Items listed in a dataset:
----------

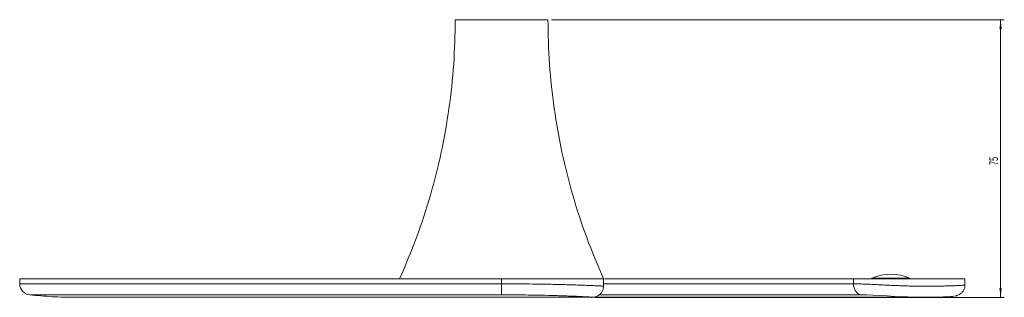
# Model space of a CAD drawing. Header units: millimetres. Extents: x -598 to 246, y 15 to 615.
# Tile 1 of 4: x -598 to -332, y 77 to 152. Entities that reach past the tile are written whole.
import ezdxf

# ---------------------------------------------------------------- set-up
doc = ezdxf.new("R2010")
doc.units = ezdxf.units.MM
doc.header["$PDSIZE"] = -1
doc.styles.add('SLDTEXTSTYLE0', font='TXT', dxfattribs={"width": 0.605})
doc.dimstyles.new('SLDDIMSTYLE1', dxfattribs={"dimtxt": 2.311487, "dimasz": 2.5, "dimexe": 0, "dimexo": 0.0625, "dimgap": 0.577872, "dimtad": 1, "dimtoh": 1, "dimrnd": 1e-09, "dimzin": 12, "dimdsep": 46, "dimtxsty": 'SLDTEXTSTYLE0', "dimsah": 1, "dimcen": 0.09, "dimadec": 0, "dimazin": 0, "dimtfac": 1, "dimtofl": 0, "dimtmove": 0, "dimatfit": 3, "dimfxl": 1, "dimfrac": 2, "dimtolj": 1, "dimtzin": 12, "dimarcsym": 0})

# ---------------------------------------------------------------- blocks, each defined once
blk = doc.blocks.new('*D2')
at = {"color": 7, "linetype": 'Continuous', "lineweight": 0}
for p, q in [((-454.02, 152.13), (-331.91, 152.13)), ((-332.91, 77.13), (-332.91, 152.13)), ((-442.24, 77.13), (-331.91, 77.13))]:
    blk.add_line(p, q, dxfattribs=at)
for points in [[(-332.91, 152.13), (-333.22, 149.63), (-332.6, 149.63)], [(-332.91, 77.13), (-332.6, 79.63), (-333.22, 79.63)]]:
    blk.add_solid(points, dxfattribs=at)
at = {"color": 7, "linetype": 'Continuous', "lineweight": 0, "insert": (-335.97, 112.87), "char_height": 2.381, "attachment_point": 1, "rotation": 90, "style": 'SLDTEXTSTYLE0'}
blk.add_mtext('75', dxfattribs=at)

msp = doc.modelspace()

# ---------------------------------------------------------------- linework, layer by layer
at = {"color": 7, "linetype": 'Continuous', "lineweight": 15}
for p, q in [((-455.023, 152.132), (-467.523, 152.132)), ((-597.522, 82.132), (-597.522, 80.78)), ((-597.519, 80.788), (-597.498, 80.788)), ((-440.023, 82.132), (-495.023, 82.132)), ((-467.523, 80.788), (-467.523, 82.132)), ((-467.523, 82.132), (-440.023, 82.132)), ((-467.523, 77.806), (-467.523, 80.788)), ((-440.023, 80.143), (-440.023, 82.132)), ((-372.589, 82.132), (-342.523, 82.132)), ((-372.589, 80.789), (-372.589, 82.132)), ((-372.589, 80.788), (-372.589, 80.789)), ((-342.523, 80.502), (-342.523, 82.132))]:
    msp.add_line(p, q, dxfattribs=at)
at = {"color": 8, "linetype": 'Continuous', "lineweight": 15}
for p, q in [((-367.603, 82.324), (-357.442, 82.324)), ((-467.523, 77.806), (-468.957, 77.806))]:
    msp.add_line(p, q, dxfattribs=at)
at = {"color": 7, "linetype": 'Continuous', "lineweight": 15, "flags": 128}
msp.add_lwpolyline([(-345.549, 77.438), (-345.606, 77.426), (-345.909, 77.388), (-346.347, 77.347), (-346.935, 77.302), (-347.717, 77.256), (-348.426, 77.222), (-349.24, 77.19), (-350.091, 77.165), (-350.992, 77.147), (-352.519, 77.132), (-354.078, 77.138), (-355.387, 77.158), (-357.958, 77.235), (-359.21, 77.287), (-361.395, 77.396), (-363.484, 77.512), (-365.499, 77.623), (-367.408, 77.716), (-368.977, 77.773), (-370.461, 77.806), (-370.461, 77.806)], dxfattribs=at)
at = {"color": 7, "linetype": 'Continuous', "lineweight": 15}
for centre, radius, start, end in [((-362.523, 70.657), 12.725, 66.4672, 113.5328), ((-594.521, 80.788), 3, 180.09875, 264.30427), ((-367.563, 82.232), 0.1, 113.5328, 270), ((-357.482, 82.232), 0.1, 270, 66.4672)]:
    msp.add_arc(centre, radius, start, end, dxfattribs=at)
for points, knots in [([(-480.023, 152.132), (-480.104, 148.117), (-480.267, 140.096), (-481.585, 128.136), (-483.672, 116.307), (-486.615, 104.661), (-490.314, 93.211), (-493.452, 85.828), (-495.023, 82.132)], [0, 0, 0, 0, 0.1670068, 0.3336042, 0.5, 0.6663958, 0.8329932, 1, 1, 1, 1]), ([(-467.523, 152.132), (-468.061, 152.132), (-469.139, 152.132), (-470.689, 152.132), (-472.124, 152.132), (-473.858, 152.132), (-475.674, 152.132), (-477.064, 152.132), (-477.958, 152.132), (-478.526, 152.132), (-478.997, 152.132), (-479.375, 152.132), (-479.667, 152.132), (-479.873, 152.132), (-479.995, 152.132), (-480.023, 152.132), (-480.023, 152.132)], [0, 0, 0, 0, 0.01562505, 0.0312501, 0.04687514, 0.06250019, 0.09375029, 0.12500038, 0.14062543, 0.15625048, 0.17187553, 0.18750057, 0.20312562, 0.21875067, 0.23437572, 0.25000074, 0.25000074, 0.25000074, 0.25000074]), ([(-440.023, 82.132), (-441.593, 85.828), (-444.731, 93.211), (-448.43, 104.661), (-451.373, 116.307), (-453.46, 128.136), (-454.778, 140.096), (-454.941, 148.117), (-455.023, 152.132)], [0, 0, 0, 0, 0.1670068, 0.3336042, 0.5, 0.6663958, 0.8329932, 1, 1, 1, 1]), ([(-467.523, 82.132), (-471.872, 82.132), (-480.42, 82.132), (-492.949, 82.132), (-504.872, 82.132), (-516.085, 82.132), (-526.507, 82.132), (-536.085, 82.132), (-545.056, 82.132), (-553.36, 82.132), (-560.945, 82.132), (-567.57, 82.132), (-573.296, 82.132), (-578.581, 82.132), (-583.34, 82.132), (-587.478, 82.132), (-590.709, 82.132), (-593.165, 82.132), (-595.129, 82.132), (-596.533, 82.132), (-597.374, 82.132), (-597.471, 82.132), (-597.517, 82.132)], [0, 0, 0, 0, 0.0780507, 0.1534201, 0.2257176, 0.2944436, 0.359225, 0.4198719, 0.4763315, 0.5336532, 0.5861583, 0.6341037, 0.6777976, 0.7176186, 0.7633395, 0.8042287, 0.8409576, 0.874107, 0.9042073, 0.9397563, 0.9717042, 1, 1, 1, 1]), ([(-442.732, 77.155), (-442.672, 77.161), (-442.479, 77.182), (-441.969, 77.306), (-441.33, 77.621), (-440.711, 78.167), (-440.263, 78.886), (-440.027, 79.568), (-440.049, 80.002), (-440.056, 80.143)], [0, 0, 0, 0, 0.0533246, 0.1693061, 0.3418619, 0.5319015, 0.7103552, 0.9063336, 1, 1, 1, 1]), ([(-440.023, 80.788), (-438.982, 80.788), (-435.859, 80.788), (-430.691, 80.788), (-423.576, 80.788), (-415.596, 80.788), (-407.553, 80.788), (-400.388, 80.788), (-394.06, 80.788), (-387.936, 80.788), (-382.454, 80.788), (-377.69, 80.788), (-374.552, 80.788), (-372.983, 80.788), (-372.589, 80.788)], [0, 0, 0, 0, 0.0409217, 0.1228605, 0.2049261, 0.3252087, 0.4460167, 0.5377371, 0.6298205, 0.7233387, 0.8175432, 0.8951983, 0.9737348, 1, 1, 1, 1]), ([(-439.72, 82.132), (-436.697, 82.132), (-430.113, 82.132), (-420.453, 82.132), (-411.067, 82.132), (-402.956, 82.132), (-396.065, 82.132), (-390.303, 82.132), (-385.45, 82.132), (-381.423, 82.132), (-377.96, 82.132), (-375.02, 82.132), (-373.35, 82.132), (-372.589, 82.132)], [0, 0, 0, 0, 0.1195998, 0.2605352, 0.3891594, 0.5050291, 0.602622, 0.6892855, 0.7655728, 0.832189, 0.8900309, 0.949874, 1, 1, 1, 1]), ([(-417.896, 80.788), (-420.698, 80.788), (-426.984, 80.788), (-433.461, 80.788), (-437.129, 80.788), (-437.236, 80.788)], [0, 0, 0, 0, 0.4384067, 0.9836055, 1, 1, 1, 1]), ([(-372.541, 80.788), (-374.04, 80.788), (-378.179, 80.788), (-385.778, 80.788), (-394.664, 80.788), (-400.892, 80.788), (-403.723, 80.788)], [0, 0, 0, 0, 0.1555377, 0.4297209, 0.7407676, 1, 1, 1, 1]), ([(-372.589, 80.788), (-372.59, 80.604), (-372.577, 80.422), (-372.525, 80.065), (-372.485, 79.888), (-372.381, 79.545), (-372.317, 79.381), (-372.167, 79.071), (-372.079, 78.922), (-371.884, 78.65), (-371.778, 78.526), (-371.548, 78.303), (-371.423, 78.204), (-371.165, 78.037), (-371.03, 77.969), (-370.752, 77.863), (-370.605, 77.826), (-370.461, 77.806)], [0, 0, 0, 0, 0.125, 0.125, 0.25, 0.25, 0.375, 0.375, 0.5, 0.5, 0.625, 0.625, 0.75, 0.75, 0.875, 0.875, 1, 1, 1, 1]), ([(-345.227, 77.477), (-345.206, 77.48), (-345.093, 77.495), (-344.884, 77.543), (-344.507, 77.653), (-344.019, 77.876), (-343.487, 78.256), (-342.979, 78.834), (-342.637, 79.595), (-342.478, 80.193), (-342.526, 80.496), (-342.527, 80.506)], [0, 0, 0, 0, 0.0340103, 0.1773071, 0.3006648, 0.4113965, 0.536304, 0.6776861, 0.8326592, 0.9944522, 1, 1, 1, 1]), ([(-594.801, 77.806), (-592.792, 77.612), (-588.711, 77.217), (-584.585, 77.16), (-582.49, 77.132)], [0, 0, 0, 0, 0.492203, 1, 1, 1, 1]), ([(-468.957, 77.806), (-471.313, 77.806), (-476.503, 77.806), (-484.518, 77.806), (-493.003, 77.806), (-501.469, 77.806), (-509.868, 77.806), (-518.173, 77.806), (-527.426, 77.806), (-537.584, 77.806), (-547.762, 77.806), (-556.897, 77.806), (-564.37, 77.806), (-570.878, 77.806), (-576.488, 77.806), (-581.68, 77.806), (-585.608, 77.806), (-588.428, 77.806), (-590.393, 77.806), (-592.06, 77.806), (-593.352, 77.806), (-594.205, 77.806), (-594.45, 77.806), (-594.546, 77.806)], [0, 0, 0, 0, 0.0450955, 0.0993489, 0.153696, 0.208338, 0.2630845, 0.3173516, 0.3717405, 0.4474608, 0.5236303, 0.5848964, 0.6465426, 0.694396, 0.7425461, 0.7918636, 0.8417226, 0.8694413, 0.8973058, 0.925684, 0.9542663, 0.9820215, 1, 1, 1, 1]), ([(-582.486, 77.132), (-582.492, 77.132), (-582.509, 77.132), (-582.172, 77.132), (-581.404, 77.132), (-580.221, 77.132), (-578.736, 77.132), (-577.028, 77.132), (-574.841, 77.132), (-572.085, 77.132), (-568.666, 77.132), (-564.48, 77.132), (-559.418, 77.132), (-553.378, 77.132), (-546.268, 77.132), (-538.019, 77.132), (-528.592, 77.132), (-517.984, 77.132), (-506.246, 77.132), (-493.491, 77.132), (-481.081, 77.132), (-469.35, 77.132), (-458.698, 77.132), (-449.979, 77.132), (-444.894, 77.132), (-443.267, 77.132)], [0, 0, 0, 0, 0.0100131, 0.0305096, 0.053298, 0.0792287, 0.0987246, 0.1203742, 0.1445561, 0.171673, 0.2021714, 0.236548, 0.2753328, 0.3190332, 0.3680451, 0.4226892, 0.4831859, 0.5495669, 0.6216312, 0.6988952, 0.7804951, 0.8441387, 0.9083896, 0.9706981, 1, 1, 1, 1]), ([(-443.164, 77.167), (-443.225, 77.173), (-443.389, 77.189), (-443.884, 77.224), (-444.561, 77.266), (-445.542, 77.32), (-446.61, 77.372), (-448.005, 77.433), (-449.435, 77.49), (-451.212, 77.553), (-453.069, 77.61), (-455.333, 77.669), (-458.015, 77.725), (-461.104, 77.772), (-463.191, 77.788), (-464.232, 77.796)], [0, 0, 0, 0, 0.0309061, 0.0816311, 0.1337362, 0.1758318, 0.2614413, 0.3048762, 0.3834083, 0.4625685, 0.5432238, 0.6242405, 0.7491415, 0.8748707, 1, 1, 1, 1]), ([(-443.267, 77.132), (-443.186, 77.132), (-443.078, 77.132), (-443.063, 77.137), (-443.059, 77.138)], [0, 0, 0, 0, 0.7518902, 1, 1, 1, 1]), ([(-442.94, 77.132), (-439.433, 77.132), (-431.892, 77.132), (-421.646, 77.132), (-412.33, 77.132), (-404.593, 77.132), (-397.43, 77.132), (-390.501, 77.132), (-383.54, 77.132), (-376.519, 77.132), (-369.869, 77.132), (-364.625, 77.132), (-360.763, 77.132), (-358.045, 77.132), (-355.609, 77.132), (-353.734, 77.132), (-353.162, 77.132), (-352.92, 77.132)], [0, 0, 0, 0, 0.09289484, 0.19971847, 0.27553292, 0.3472658, 0.41470627, 0.47875763, 0.54886049, 0.62401159, 0.7000424, 0.77343677, 0.81968878, 0.86324039, 0.90387678, 0.95952642, 1, 1, 1, 1]), ([(-370.461, 77.806), (-370.858, 77.806), (-372.476, 77.806), (-375.742, 77.806), (-380.643, 77.806), (-386.235, 77.806), (-392.462, 77.806), (-399.027, 77.806), (-406.457, 77.806), (-414.738, 77.806), (-422.863, 77.806), (-430.12, 77.806), (-435.885, 77.806), (-439.597, 77.806), (-441.18, 77.806)], [0, 0, 0, 0, 0.0252162, 0.1029697, 0.1817526, 0.271503, 0.3619629, 0.4541347, 0.5467275, 0.6638206, 0.7814618, 0.8610364, 0.9407383, 1, 1, 1, 1]), ([(-403.285, 77.806), (-400.964, 77.806), (-395.291, 77.806), (-386.989, 77.806), (-378.459, 77.806), (-373.052, 77.806), (-370.536, 77.806), (-370.461, 77.806)], [0, 0, 0, 0, 0.2001795, 0.4891339, 0.7399739, 0.9922534, 1, 1, 1, 1])]:
    msp.add_open_spline(points, degree=3, knots=knots, dxfattribs=at)
at = {"color": 8, "linetype": 'Continuous', "lineweight": 15}
for points, knots in [([(-597.498, 80.788), (-597.482, 80.788), (-597.445, 80.788), (-596.918, 80.788), (-595.971, 80.788), (-594.624, 80.788), (-592.916, 80.788), (-590.848, 80.788), (-587.941, 80.788), (-583.971, 80.788), (-578.722, 80.788), (-572.868, 80.788), (-566.053, 80.788), (-558.302, 80.788), (-549.002, 80.788), (-538.615, 80.788), (-528.291, 80.788), (-518.866, 80.788), (-510.467, 80.788), (-501.986, 80.788), (-493.434, 80.788), (-484.809, 80.788), (-476.162, 80.788), (-470.393, 80.788), (-467.523, 80.788)], [0, 0, 0, 0, 0.02042145, 0.04789326, 0.07559676, 0.10278833, 0.1301724, 0.15810454, 0.18620046, 0.23230418, 0.27892409, 0.3268831, 0.37519373, 0.43390553, 0.49301313, 0.56524592, 0.63793991, 0.68958407, 0.74134807, 0.79288978, 0.8445308, 0.89646077, 0.94848293, 1, 1, 1, 1]), ([(-467.523, 80.788), (-466.406, 80.787), (-464.169, 80.783), (-460.807, 80.755), (-457.449, 80.711), (-454.526, 80.655), (-452.053, 80.597), (-450.009, 80.542), (-448.014, 80.481), (-446.372, 80.425), (-444.724, 80.364), (-443.429, 80.313), (-442.383, 80.269), (-441.605, 80.235), (-441.013, 80.207), (-440.489, 80.181), (-440.158, 80.161), (-439.993, 80.146), (-440.042, 80.142), (-440.056, 80.141)], [0, 0, 0, 0, 0.0973343, 0.1951167, 0.2944273, 0.3943462, 0.457969, 0.5218408, 0.5866822, 0.6519774, 0.6889656, 0.7637807, 0.8017765, 0.8267453, 0.8773468, 0.9030856, 0.9430984, 0.9841657, 1, 1, 1, 1]), ([(-372.589, 80.789), (-372.057, 80.78), (-370.991, 80.763), (-369.334, 80.706), (-367.663, 80.633), (-365.974, 80.549), (-364.199, 80.457), (-362.356, 80.365), (-360.633, 80.289), (-359.055, 80.23), (-357.616, 80.187), (-356.126, 80.155), (-354.466, 80.134), (-352.63, 80.129), (-350.873, 80.142), (-349.364, 80.164), (-348.317, 80.184), (-347.293, 80.208), (-346.508, 80.229), (-345.549, 80.26), (-344.646, 80.295), (-343.823, 80.339), (-343.241, 80.38), (-342.87, 80.418), (-342.579, 80.46), (-342.561, 80.486), (-342.55, 80.502)], [0, 0, 0, 0, 0.0595105, 0.1191854, 0.1721575, 0.2252708, 0.2788796, 0.3326938, 0.3845773, 0.4215278, 0.4588095, 0.4962834, 0.5342087, 0.5812772, 0.6288843, 0.659948, 0.6916179, 0.7082431, 0.7418221, 0.7588164, 0.7991878, 0.840283, 0.8758007, 0.911859, 0.9448892, 1, 1, 1, 1]), ([(-464.232, 77.796), (-464.256, 77.796), (-465.347, 77.806), (-466.447, 77.806), (-467.523, 77.806)], [0, 0, 0, 0, 0.0215755, 1, 1, 1, 1]), ([(-443.059, 77.138), (-443.04, 77.14), (-442.996, 77.145), (-443.049, 77.156), (-443.148, 77.165), (-443.164, 77.167)], [0, 0, 0, 0, 0.3779593, 0.903671, 1, 1, 1, 1])]:
    msp.add_open_spline(points, degree=3, knots=knots, dxfattribs=at)
at = {"color": 7, "linetype": 'Continuous', "lineweight": 0}
msp.add_point((-443.244, 77.132), dxfattribs=at)

# ---------------------------------------------------------------- dimensions: what is measured, and where the dimension line sits
dim = msp.add_linear_dim(base=(-332.905, 152.132), p1=(-443.244, 77.132), p2=(-455.023, 152.132), angle=90, dimstyle='SLDDIMSTYLE1', dxfattribs=at)
dim.commit()
dim.dimension.update_dxf_attribs({"geometry": '*D2', "text_midpoint": (-332.905, 114.632), "dimtype": 160})

doc.saveas('drawing.dxf')

----------

### Task
What lines above contain "radius"? Copy them out.

### Problem solution
for centre, radius, start, end in [((-362.523, 70.657), 12.725, 66.4672, 113.5328), ((-594.521, 80.788), 3, 180.09875, 264.30427), ((-367.563, 82.232), 0.1, 113.5328, 270), ((-357.482, 82.232), 0.1, 270, 66.4672)]:
    msp.add_arc(centre, radius, start, end, dxfattribs=at)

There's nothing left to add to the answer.